The time-varying meshing stiffness, as the most important internal excitation source in the gear system, and its dynamic response characteristics are important bases for gear system fault diagnosis. At present, the main calculation methods of meshing stiffness include the finite element method, the potential energy method, and the Ishikawa method. Since the finite element method requires fine meshing and a long calculation time, and the Ishikawa method has complex crack characterization after quantification, the more efficient and convenient potential energy method is widely used. Many scholars have studied the meshing stiffness of cracked gears. For example, Wan Zhiguo et al. corrected the situation where the tooth root circle and the base circle do not coincide and analyzed the influence of different depths of tooth root cracks on the time-varying meshing stiffness. Xu Kejun et al. divided the tooth profile into involute and transition curves and proposed an improved algorithm based on the potential energy method. Yu Yaoting proposed an energy method for calculating gear meshing stiffness considering the free energy of the tooth root crack surface and verified it by the finite element method.
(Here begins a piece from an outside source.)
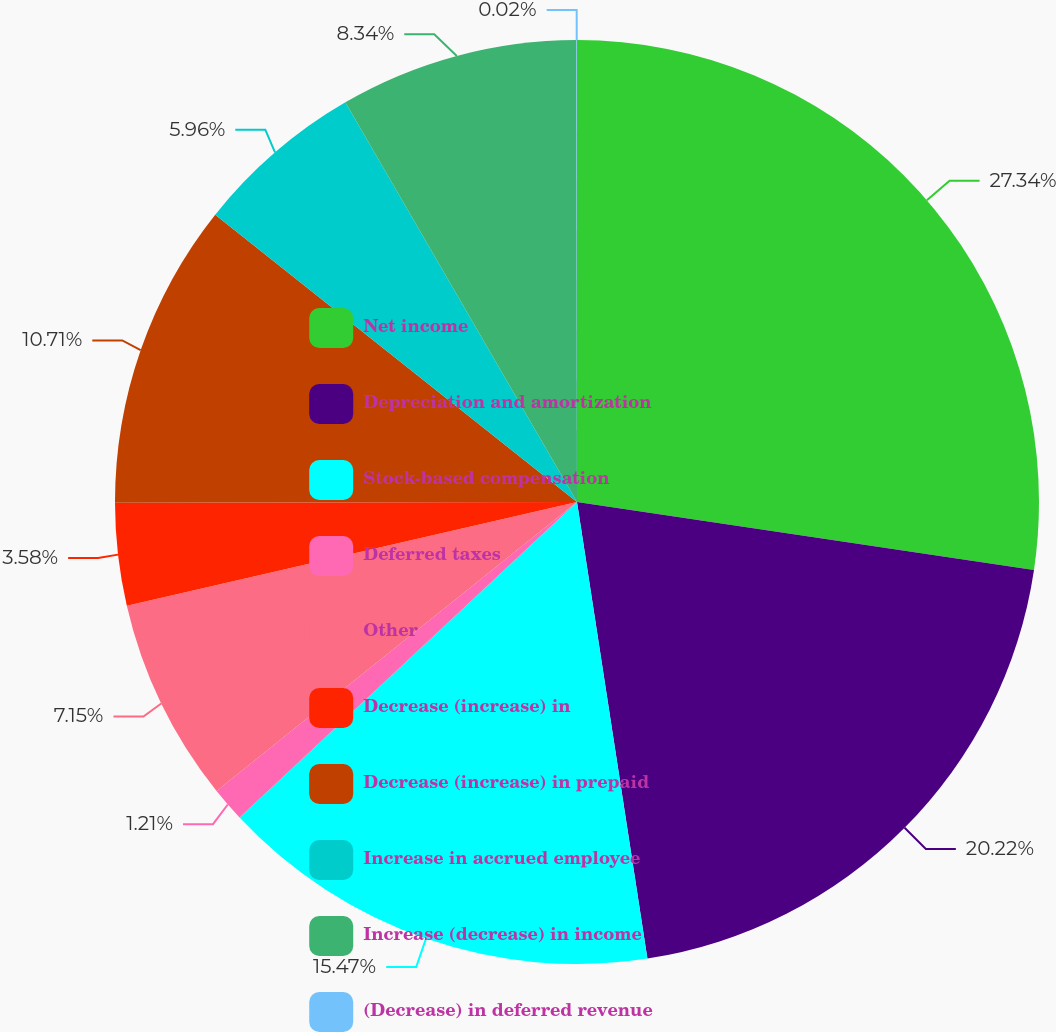<chart> <loc_0><loc_0><loc_500><loc_500><pie_chart><fcel>Net income<fcel>Depreciation and amortization<fcel>Stock-based compensation<fcel>Deferred taxes<fcel>Other<fcel>Decrease (increase) in<fcel>Decrease (increase) in prepaid<fcel>Increase in accrued employee<fcel>Increase (decrease) in income<fcel>(Decrease) in deferred revenue<nl><fcel>27.35%<fcel>20.22%<fcel>15.47%<fcel>1.21%<fcel>7.15%<fcel>3.58%<fcel>10.71%<fcel>5.96%<fcel>8.34%<fcel>0.02%<nl></chart>

In the analysis of the vibration response of gears with crack faults, many scholars have also carried out research. For example, Liu Jie et al. calculated the meshing stiffness of cracked gears using the potential energy method and the finite element method and analyzed their vibration response characteristics. Meng Zong et al. analyzed the vibration characteristics of gears with crack faults based on the accurate time-varying meshing stiffness algorithm. Mo Shuai et al. studied the dynamic characteristics and fault mechanism of gear systems under different crack propagation paths. Xiang et al. established a translational-torsional dynamic model of a multi-stage gear system with tooth root cracks and analyzed the dynamic characteristics of the cracked gear system from a nonlinear perspective. Wang Hongwei et al. analyzed the dynamic response characteristics of gears under different local faults based on the full finite element model of the gear transmission system. Zhang Xu et al. studied the influence of tooth surface flash temperature on the dynamic response of crack faults in wind turbine gearboxes.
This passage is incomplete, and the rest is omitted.